**Try it:** Copy every line of the records below that holds the word "brief".

**Data:**
------------------------------------------------------------

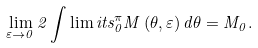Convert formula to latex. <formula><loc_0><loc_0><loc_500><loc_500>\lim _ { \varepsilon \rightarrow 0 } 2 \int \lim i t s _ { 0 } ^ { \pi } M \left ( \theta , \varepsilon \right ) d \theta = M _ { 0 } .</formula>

------------------------------------------------------------

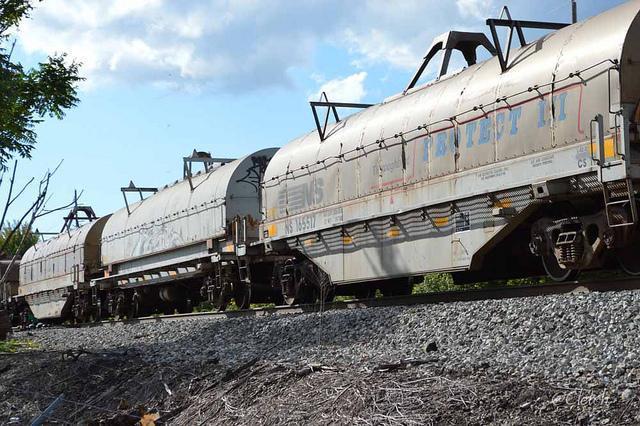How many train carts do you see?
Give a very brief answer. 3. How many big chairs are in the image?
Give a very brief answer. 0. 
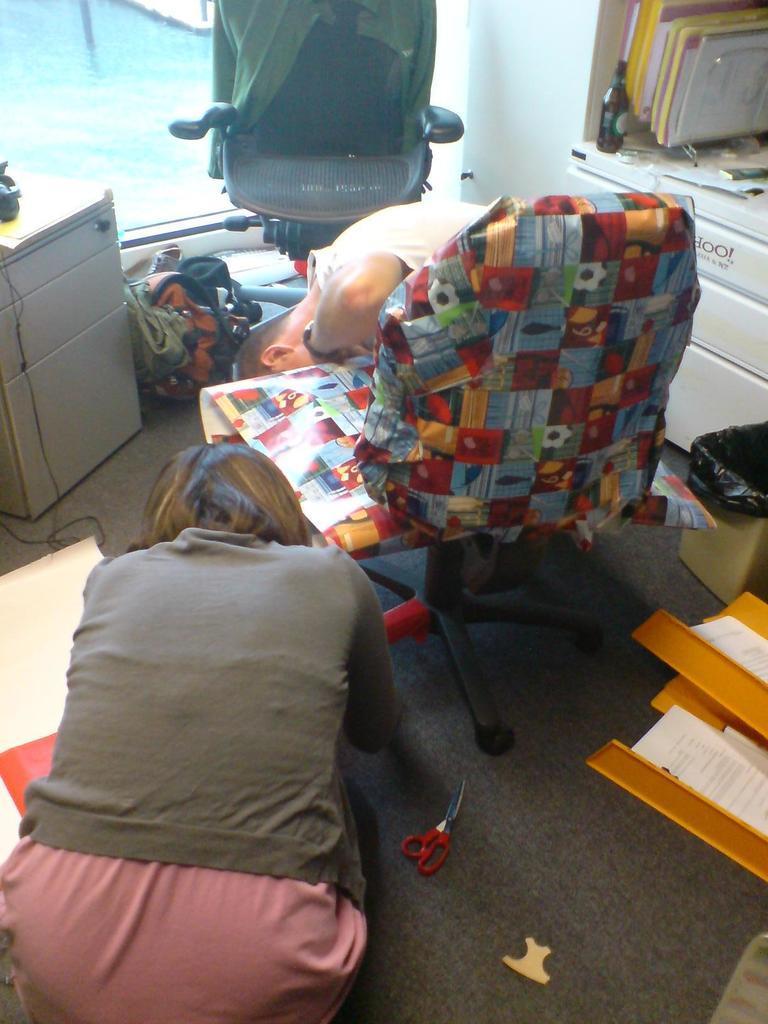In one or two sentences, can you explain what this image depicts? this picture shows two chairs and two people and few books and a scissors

------------------------------------------------------------

**Answer section:**
Give a very brief answer. 3. How many big chairs are in the image?
Give a very brief answer. 0. 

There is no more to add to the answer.